EGFR–TKIs linked to reduced chemotherapy sensitivity in NSCLC
medwireNews: Epidermal growth factor receptor–tyrosine kinase inhibitors (EGFR–TKIs) appear to significantly reduce the efficacy of subsequent chemotherapy in patients with EGFR-mutated non-small-cell lung cancer (NSCLC), Chinese researchers report.

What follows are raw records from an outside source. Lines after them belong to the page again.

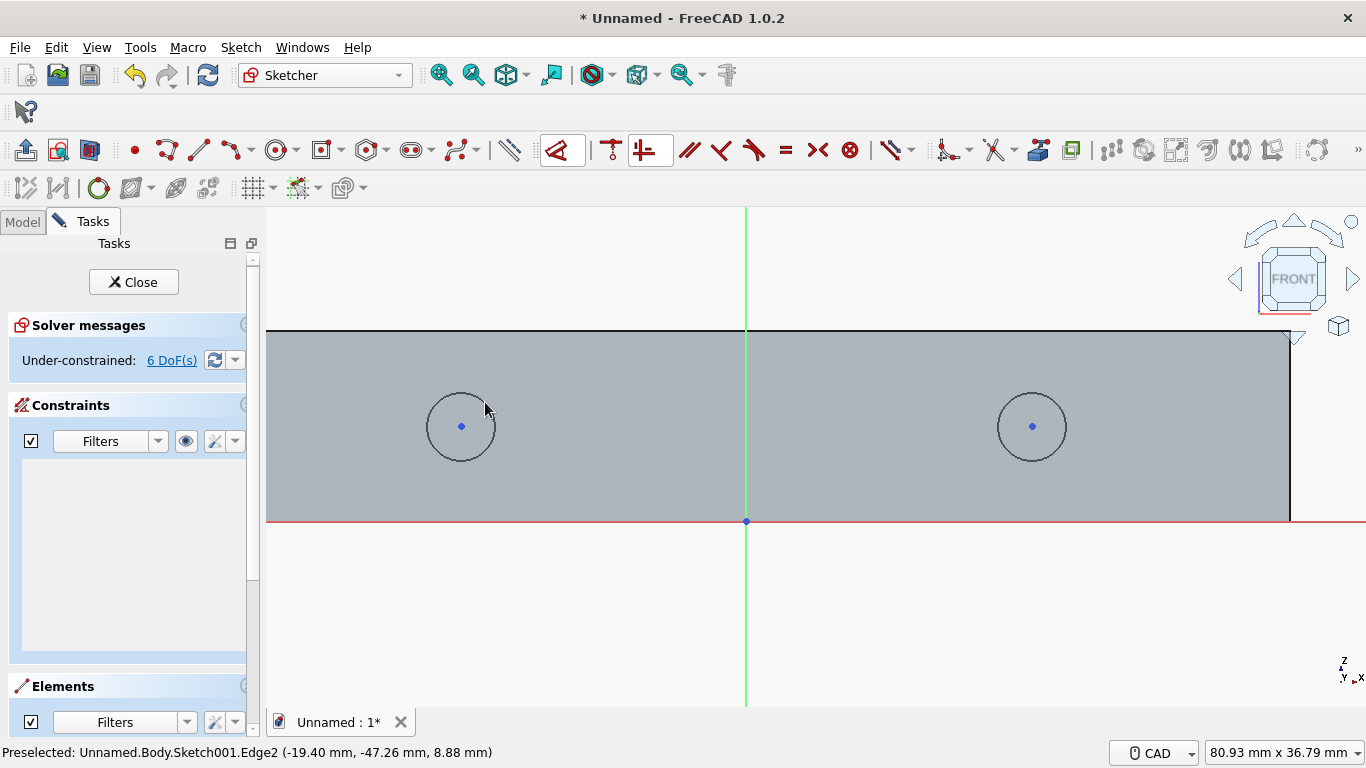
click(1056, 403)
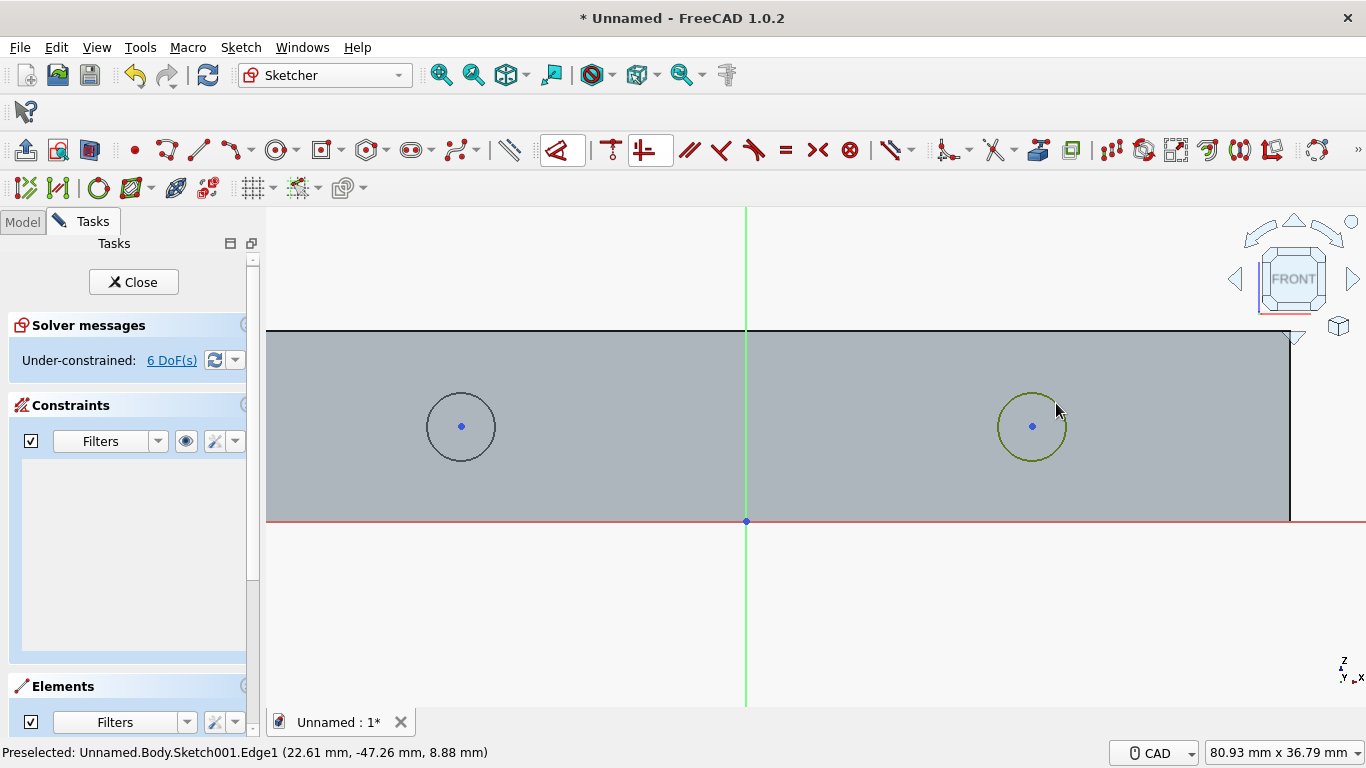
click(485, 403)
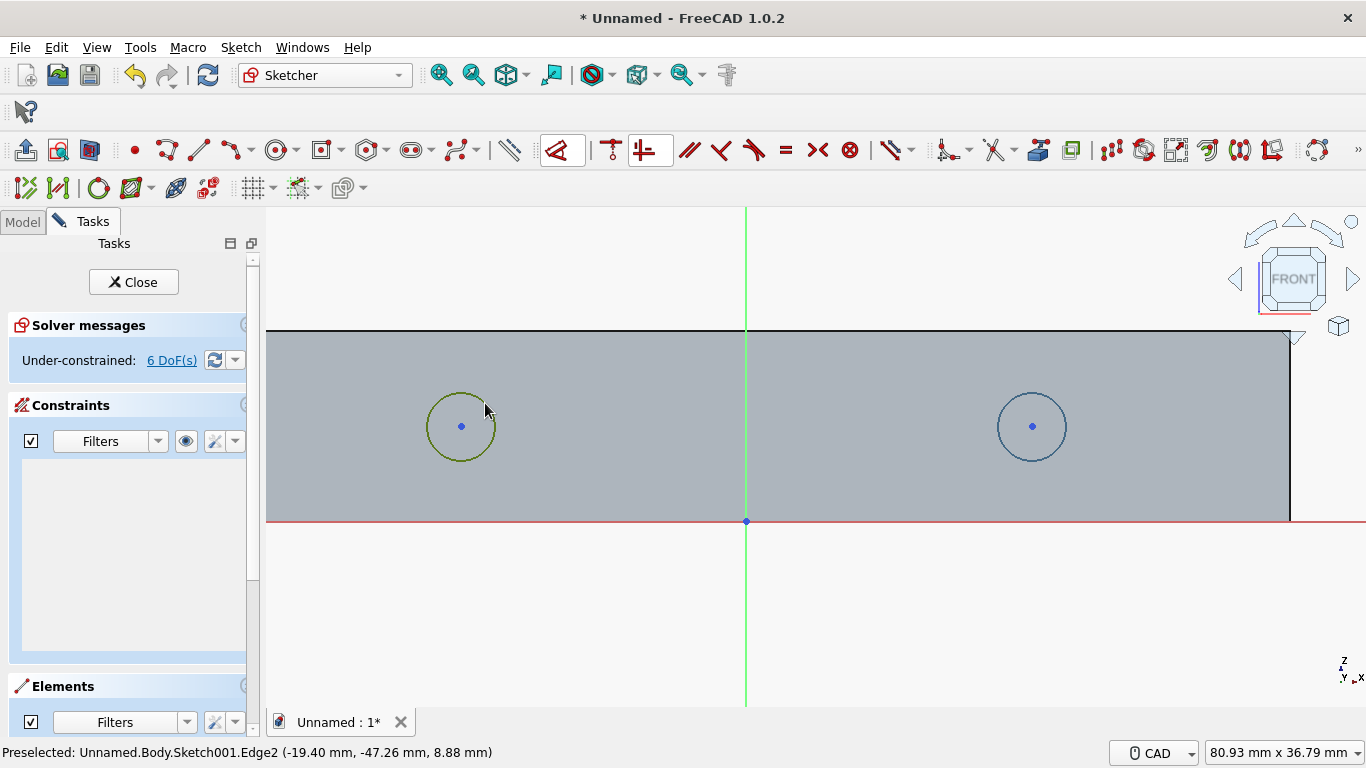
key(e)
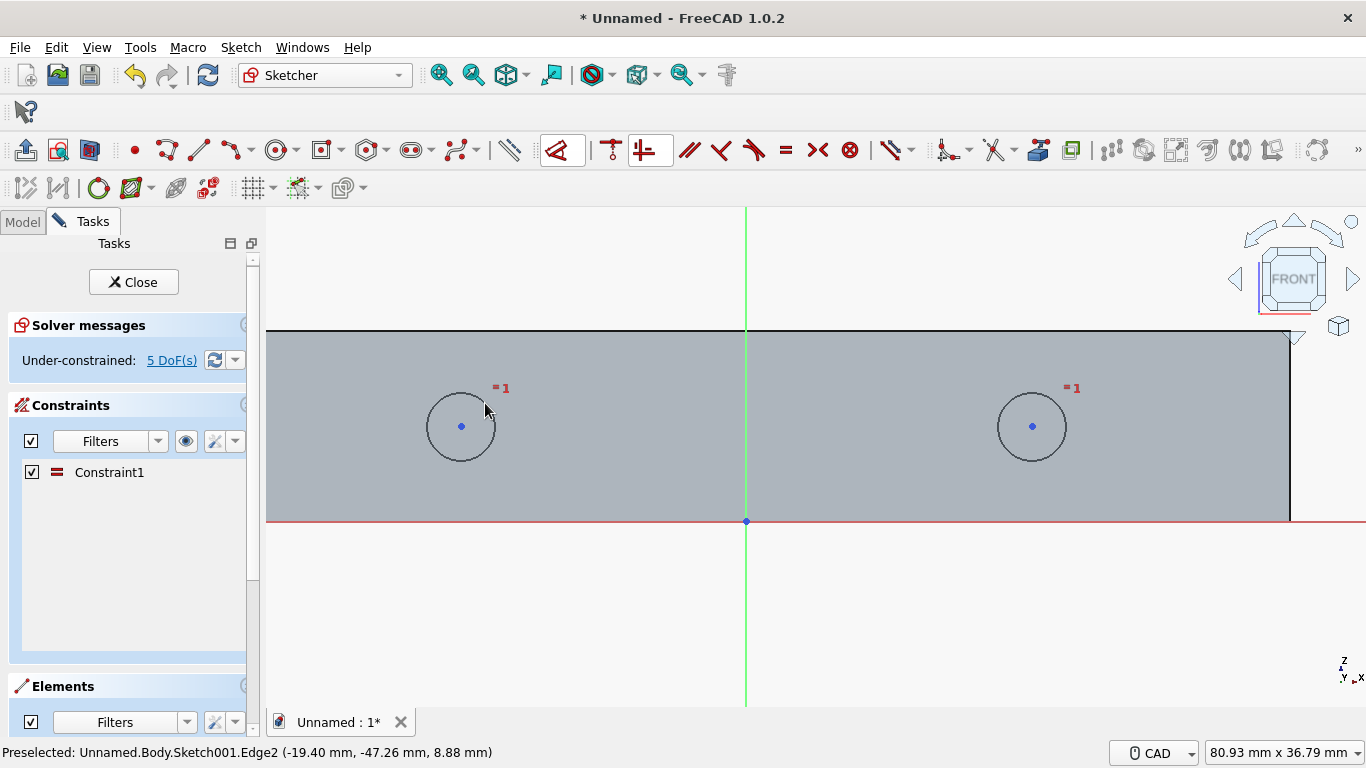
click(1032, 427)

EGFR–TKIs are given as a standard first-line treatment to patients with EGFR-mutated NSCLC, but when they fail, chemotherapy may be used as a second-line strategy.
However, there is “clinical concern” that “frontline EGFR TKI treatment may influence subsequent chemo-sensitivity in clinical practice”, explain Yi-long Wu and colleagues from Guangdong General Hospital in Guangzhou.

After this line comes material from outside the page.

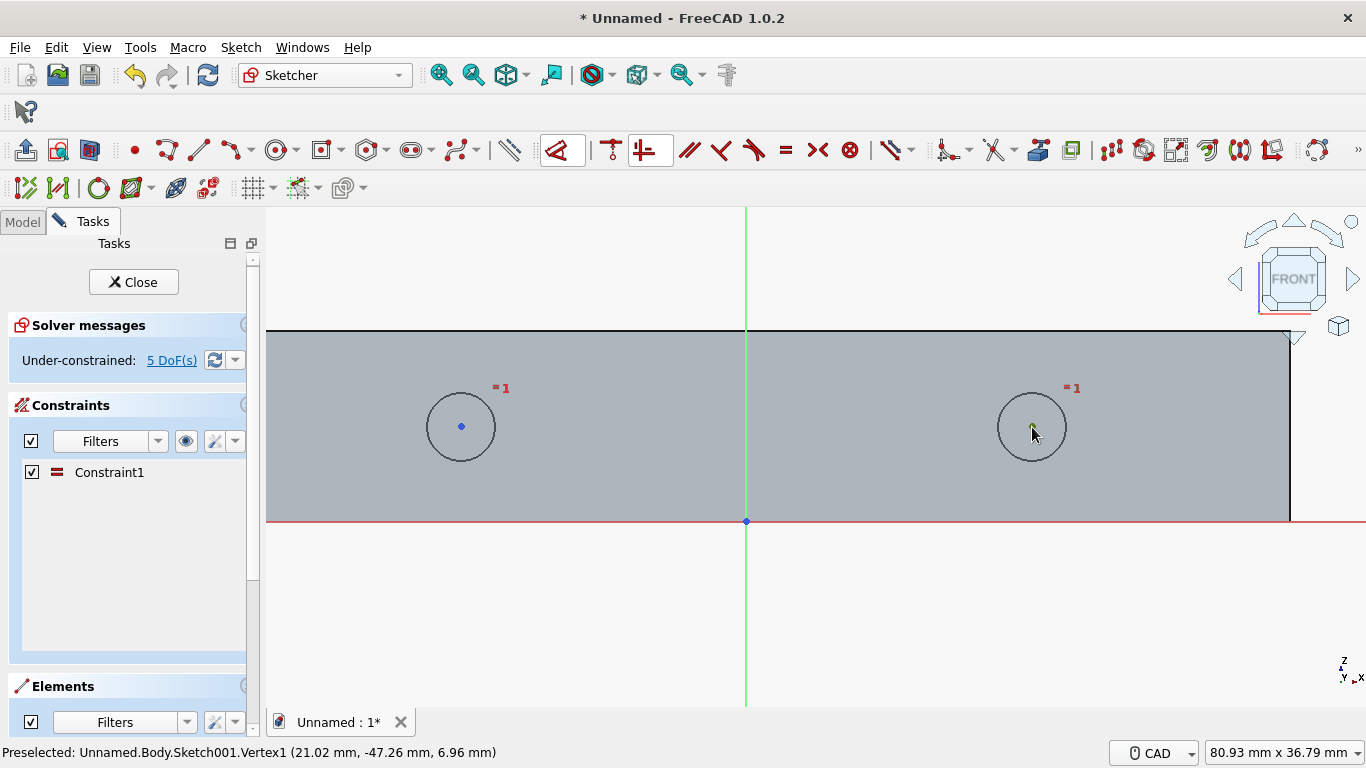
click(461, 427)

To investigate whether this is the case, Wu and team reviewed data for 203 patients with EGFR-mutated NSCLC who underwent treatment at the Guangdong Lung Cancer Institute between 2006 and 2012.
The cohort included 68 patients who received first-line EGFR–TKI followed by chemotherapy and 135 who received first-line chemotherapy followed by an EGFR–TKI. The majority (92.1%) of chemotherapy regimens given were platinum-based and gefitinib was slightly more commonly used than erlotinib (n=113 vs 90 patients).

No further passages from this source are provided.